**Exercise objective**
Word for word, write out the entries that follow, omitting all pictures.

[Dataset entries]
======
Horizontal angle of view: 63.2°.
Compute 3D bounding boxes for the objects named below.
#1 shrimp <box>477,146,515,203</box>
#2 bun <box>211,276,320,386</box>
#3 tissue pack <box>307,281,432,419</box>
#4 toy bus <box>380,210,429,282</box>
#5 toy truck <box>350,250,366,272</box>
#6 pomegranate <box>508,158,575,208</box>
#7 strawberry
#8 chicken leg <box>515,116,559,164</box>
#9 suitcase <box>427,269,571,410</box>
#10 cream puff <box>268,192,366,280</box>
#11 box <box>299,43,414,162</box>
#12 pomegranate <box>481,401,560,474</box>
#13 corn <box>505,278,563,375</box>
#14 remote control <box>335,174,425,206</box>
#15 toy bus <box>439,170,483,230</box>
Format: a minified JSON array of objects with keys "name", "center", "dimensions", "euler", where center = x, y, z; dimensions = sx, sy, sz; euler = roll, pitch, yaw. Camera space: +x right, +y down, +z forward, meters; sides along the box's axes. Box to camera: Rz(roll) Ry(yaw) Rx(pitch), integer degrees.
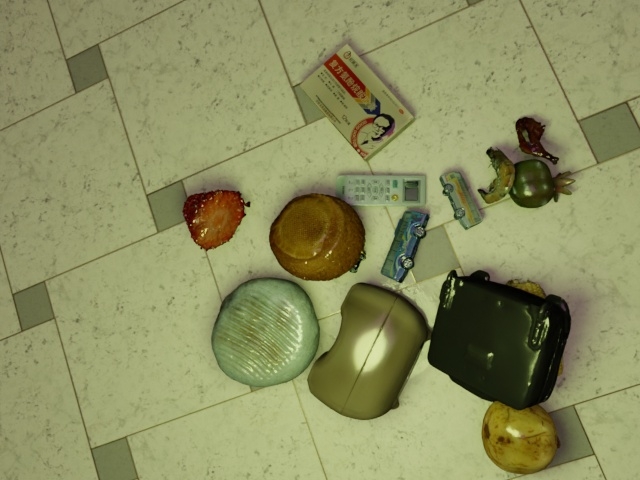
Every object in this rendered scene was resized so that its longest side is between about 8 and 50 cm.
[{"name":"shrimp","center":[0.532,-0.199,1.602],"dimensions":[0.051,0.217,0.150],"euler":[15,128,-13]},{"name":"bun","center":[-0.171,0.292,1.667],"dimensions":[0.363,0.211,0.361],"euler":[-1,85,9]},{"name":"tissue pack","center":[0.155,0.338,1.561],"dimensions":[0.277,0.267,0.386],"euler":[24,89,17]},{"name":"toy bus","center":[0.271,0.017,1.663],"dimensions":[0.094,0.079,0.236],"euler":[21,89,15]},{"name":"toy truck","center":[0.113,0.061,1.710],"dimensions":[0.054,0.049,0.083],"euler":[35,94,14]},{"name":"pomegranate","center":[0.663,-0.173,1.580],"dimensions":[0.191,0.131,0.151],"euler":[-6,74,-13]},{"name":"strawberry","center":[-0.379,-0.103,1.761],"dimensions":[0.178,0.234,0.233],"euler":[33,93,33]},{"name":"chicken leg","center":[0.656,-0.304,1.596],"dimensions":[0.093,0.053,0.204],"euler":[-18,62,20]},{"name":"suitcase","center":[0.492,0.279,1.470],"dimensions":[0.345,0.188,0.338],"euler":[21,102,44]},{"name":"cream puff","center":[0.000,0.000,1.648],"dimensions":[0.303,0.212,0.302],"euler":[-12,58,20]},{"name":"box","center":[0.121,-0.462,1.751],"dimensions":[0.214,0.069,0.353],"euler":[-40,80,6]},{"name":"pomegranate","center":[0.576,0.556,1.493],"dimensions":[0.216,0.215,0.215],"euler":[-1,85,12]},{"name":"corn","center":[0.631,0.260,1.551],"dimensions":[0.123,0.122,0.304],"euler":[-20,76,47]},{"name":"remote control","center":[0.196,-0.161,1.712],"dimensions":[0.294,0.051,0.103],"euler":[1,86,9]},{"name":"toy bus","center":[0.443,-0.128,1.648],"dimensions":[0.075,0.064,0.190],"euler":[-23,80,4]}]
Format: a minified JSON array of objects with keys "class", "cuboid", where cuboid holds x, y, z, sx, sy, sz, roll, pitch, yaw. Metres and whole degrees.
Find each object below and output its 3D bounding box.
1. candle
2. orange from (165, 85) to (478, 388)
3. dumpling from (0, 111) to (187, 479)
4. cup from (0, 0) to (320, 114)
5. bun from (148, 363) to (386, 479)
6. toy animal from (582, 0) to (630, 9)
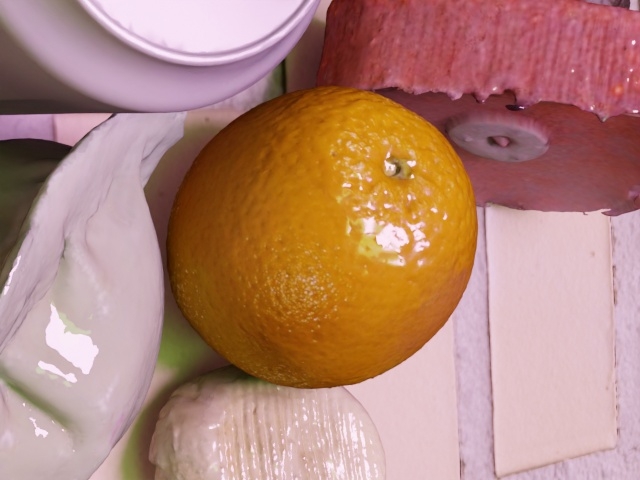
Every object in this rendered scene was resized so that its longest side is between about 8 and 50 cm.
[{"class":"candle","cuboid":[0.163,-0.124,1.096,0.317,0.287,0.131,18,77,-34]},{"class":"orange","cuboid":[0.000,0.000,1.002,0.236,0.236,0.236,-2,94,-37]},{"class":"dumpling","cuboid":[-0.220,0.060,0.864,0.270,0.211,0.321,13,82,-71]},{"class":"cup","cuboid":[-0.129,-0.202,0.833,0.323,0.327,0.237,-22,106,-36]},{"class":"bun","cuboid":[-0.044,0.174,1.063,0.188,0.111,0.164,-4,78,-34]},{"class":"toy animal","cuboid":[0.258,-0.213,1.306,0.202,0.070,0.105,-50,133,-27]}]
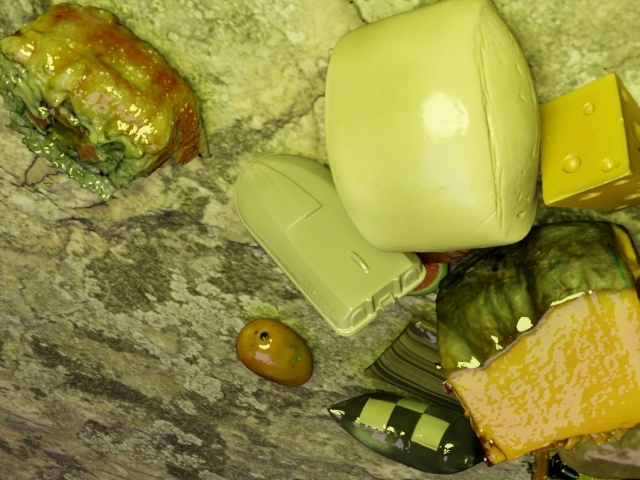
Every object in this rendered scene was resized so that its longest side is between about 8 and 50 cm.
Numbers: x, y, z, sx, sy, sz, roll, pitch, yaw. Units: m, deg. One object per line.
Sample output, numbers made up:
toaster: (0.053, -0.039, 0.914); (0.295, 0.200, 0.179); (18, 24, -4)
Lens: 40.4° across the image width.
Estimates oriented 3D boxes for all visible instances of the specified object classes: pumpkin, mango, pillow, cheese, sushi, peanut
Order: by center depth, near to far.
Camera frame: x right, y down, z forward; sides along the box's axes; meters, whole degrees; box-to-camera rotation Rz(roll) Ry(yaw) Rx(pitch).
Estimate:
cheese: (0.312, -0.072, 0.916); (0.093, 0.126, 0.171); (-21, 144, 36)
pumpkin: (0.273, 0.113, 1.000); (0.225, 0.256, 0.303); (-19, 171, 20)
sushi: (-0.262, -0.160, 1.052); (0.274, 0.139, 0.184); (37, 143, -8)
peanut: (0.445, 0.269, 1.222); (0.224, 0.129, 0.129); (-6, 135, 20)
pillow: (0.195, 0.198, 1.320); (0.208, 0.052, 0.212); (22, 145, -7)
pillow: (0.147, 0.308, 1.400); (0.249, 0.106, 0.186); (15, 177, 24)
mango: (-0.068, 0.188, 1.422); (0.163, 0.090, 0.111); (36, 154, -32)

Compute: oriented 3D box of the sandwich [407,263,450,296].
sandwich: (0.134, 0.041, 1.182); (0.067, 0.029, 0.135); (39, 141, -12)

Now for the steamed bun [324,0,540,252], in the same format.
steamed bun: (0.111, -0.104, 0.865); (0.200, 0.155, 0.250); (-3, 110, 34)

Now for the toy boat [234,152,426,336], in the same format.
toy boat: (0.002, -0.001, 1.058); (0.269, 0.140, 0.141); (42, 160, 41)

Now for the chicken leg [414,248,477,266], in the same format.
chicken leg: (0.114, -0.002, 1.091); (0.093, 0.113, 0.304); (8, 157, -25)

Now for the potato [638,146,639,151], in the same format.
potato: (0.447, -0.053, 0.764); (0.285, 0.243, 0.242); (-10, 132, 30)

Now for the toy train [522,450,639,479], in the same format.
toy train: (0.435, 0.402, 1.420); (0.219, 0.089, 0.127); (29, 132, -7)
======
**Response to the exercise**
Horizontal angle of view: 63.2°.
Compute 3D bounding boxes for the objects named below.
#1 shrimp <box>477,146,515,203</box>
#2 bun <box>211,276,320,386</box>
#3 tissue pack <box>307,281,432,419</box>
#4 toy bus <box>380,210,429,282</box>
#5 toy truck <box>350,250,366,272</box>
#6 pomegranate <box>508,158,575,208</box>
#7 strawberry
#8 chicken leg <box>515,116,559,164</box>
#9 suitcase <box>427,269,571,410</box>
#10 cream puff <box>268,192,366,280</box>
#11 box <box>299,43,414,162</box>
#12 pomegranate <box>481,401,560,474</box>
#13 corn <box>505,278,563,375</box>
#14 remote control <box>335,174,425,206</box>
#15 toy bus <box>439,170,483,230</box>
Format: a minified JSON array of objects with keys "name", "center", "dimensions", "euler", where center = x, y, z; dimensions = sx, sy, sz; euler = roll, pitch, yaw. Camera space: +x right, +y down, +z forward, meters; sides along the box's axes. Box to camera: Rz(roll) Ry(yaw) Rx(pitch), integer degrees.
Every object in this rendered scene was resized so that its longest side is between about 8 and 50 cm.
[{"name":"shrimp","center":[0.532,-0.199,1.602],"dimensions":[0.051,0.217,0.150],"euler":[15,128,-13]},{"name":"bun","center":[-0.171,0.292,1.667],"dimensions":[0.363,0.211,0.361],"euler":[-1,85,9]},{"name":"tissue pack","center":[0.155,0.338,1.561],"dimensions":[0.277,0.267,0.386],"euler":[24,89,17]},{"name":"toy bus","center":[0.271,0.017,1.663],"dimensions":[0.094,0.079,0.236],"euler":[21,89,15]},{"name":"toy truck","center":[0.113,0.061,1.710],"dimensions":[0.054,0.049,0.083],"euler":[35,94,14]},{"name":"pomegranate","center":[0.663,-0.173,1.580],"dimensions":[0.191,0.131,0.151],"euler":[-6,74,-13]},{"name":"strawberry","center":[-0.379,-0.103,1.761],"dimensions":[0.178,0.234,0.233],"euler":[33,93,33]},{"name":"chicken leg","center":[0.656,-0.304,1.596],"dimensions":[0.093,0.053,0.204],"euler":[-18,62,20]},{"name":"suitcase","center":[0.492,0.279,1.470],"dimensions":[0.345,0.188,0.338],"euler":[21,102,44]},{"name":"cream puff","center":[0.000,0.000,1.648],"dimensions":[0.303,0.212,0.302],"euler":[-12,58,20]},{"name":"box","center":[0.121,-0.462,1.751],"dimensions":[0.214,0.069,0.353],"euler":[-40,80,6]},{"name":"pomegranate","center":[0.576,0.556,1.493],"dimensions":[0.216,0.215,0.215],"euler":[-1,85,12]},{"name":"corn","center":[0.631,0.260,1.551],"dimensions":[0.123,0.122,0.304],"euler":[-20,76,47]},{"name":"remote control","center":[0.196,-0.161,1.712],"dimensions":[0.294,0.051,0.103],"euler":[1,86,9]},{"name":"toy bus","center":[0.443,-0.128,1.648],"dimensions":[0.075,0.064,0.190],"euler":[-23,80,4]}]
Format: a minified JSON array of objects with keys "class", "cuboid", where cuboid holds x, y, z, sx, sy, sz, roll, pitch, yaw. Metres and whole degrees.
Find each object below and output its 3D bounding box.
1. candle
2. orange from (165, 85) to (478, 388)
3. dumpling from (0, 111) to (187, 479)
4. cup from (0, 0) to (320, 114)
5. bun from (148, 363) to (386, 479)
6. toy animal from (582, 0) to (630, 9)
Every object in this rendered scene was resized so that its longest side is between about 8 and 50 cm.
[{"class":"candle","cuboid":[0.163,-0.124,1.096,0.317,0.287,0.131,18,77,-34]},{"class":"orange","cuboid":[0.000,0.000,1.002,0.236,0.236,0.236,-2,94,-37]},{"class":"dumpling","cuboid":[-0.220,0.060,0.864,0.270,0.211,0.321,13,82,-71]},{"class":"cup","cuboid":[-0.129,-0.202,0.833,0.323,0.327,0.237,-22,106,-36]},{"class":"bun","cuboid":[-0.044,0.174,1.063,0.188,0.111,0.164,-4,78,-34]},{"class":"toy animal","cuboid":[0.258,-0.213,1.306,0.202,0.070,0.105,-50,133,-27]}]
Every object in this rendered scene was resized so that its longest side is between about 8 and 50 cm.
Numbers: x, y, z, sx, sy, sz, roll, pitch, yaw. Units: m, deg. One object per line.
Sample output, numbers made up:
toaster: (0.053, -0.039, 0.914); (0.295, 0.200, 0.179); (18, 24, -4)
Lens: 40.4° across the image width.
Estimates oriented 3D boxes for all visible instances of the specified object classes: pumpkin, mango, pillow, cheese, sushi, peanut
Order: by center depth, near to far.
Camera frame: x right, y down, z forward; sides along the box's axes; meters, whole degrees; box-to-camera rotation Rz(roll) Ry(yaw) Rx(pitch).
Estimate:
cheese: (0.312, -0.072, 0.916); (0.093, 0.126, 0.171); (-21, 144, 36)
pumpkin: (0.273, 0.113, 1.000); (0.225, 0.256, 0.303); (-19, 171, 20)
sushi: (-0.262, -0.160, 1.052); (0.274, 0.139, 0.184); (37, 143, -8)
peanut: (0.445, 0.269, 1.222); (0.224, 0.129, 0.129); (-6, 135, 20)
pillow: (0.195, 0.198, 1.320); (0.208, 0.052, 0.212); (22, 145, -7)
pillow: (0.147, 0.308, 1.400); (0.249, 0.106, 0.186); (15, 177, 24)
mango: (-0.068, 0.188, 1.422); (0.163, 0.090, 0.111); (36, 154, -32)

Compute: oriented 3D box of the sandwich [407,263,450,296].
sandwich: (0.134, 0.041, 1.182); (0.067, 0.029, 0.135); (39, 141, -12)

Now for the steamed bun [324,0,540,252], in the same format.
steamed bun: (0.111, -0.104, 0.865); (0.200, 0.155, 0.250); (-3, 110, 34)

Now for the toy boat [234,152,426,336], in the same format.
toy boat: (0.002, -0.001, 1.058); (0.269, 0.140, 0.141); (42, 160, 41)

Now for the chicken leg [414,248,477,266], in the same format.
chicken leg: (0.114, -0.002, 1.091); (0.093, 0.113, 0.304); (8, 157, -25)

Now for the potato [638,146,639,151], in the same format.
potato: (0.447, -0.053, 0.764); (0.285, 0.243, 0.242); (-10, 132, 30)

Now for the toy train [522,450,639,479], in the same format.
toy train: (0.435, 0.402, 1.420); (0.219, 0.089, 0.127); (29, 132, -7)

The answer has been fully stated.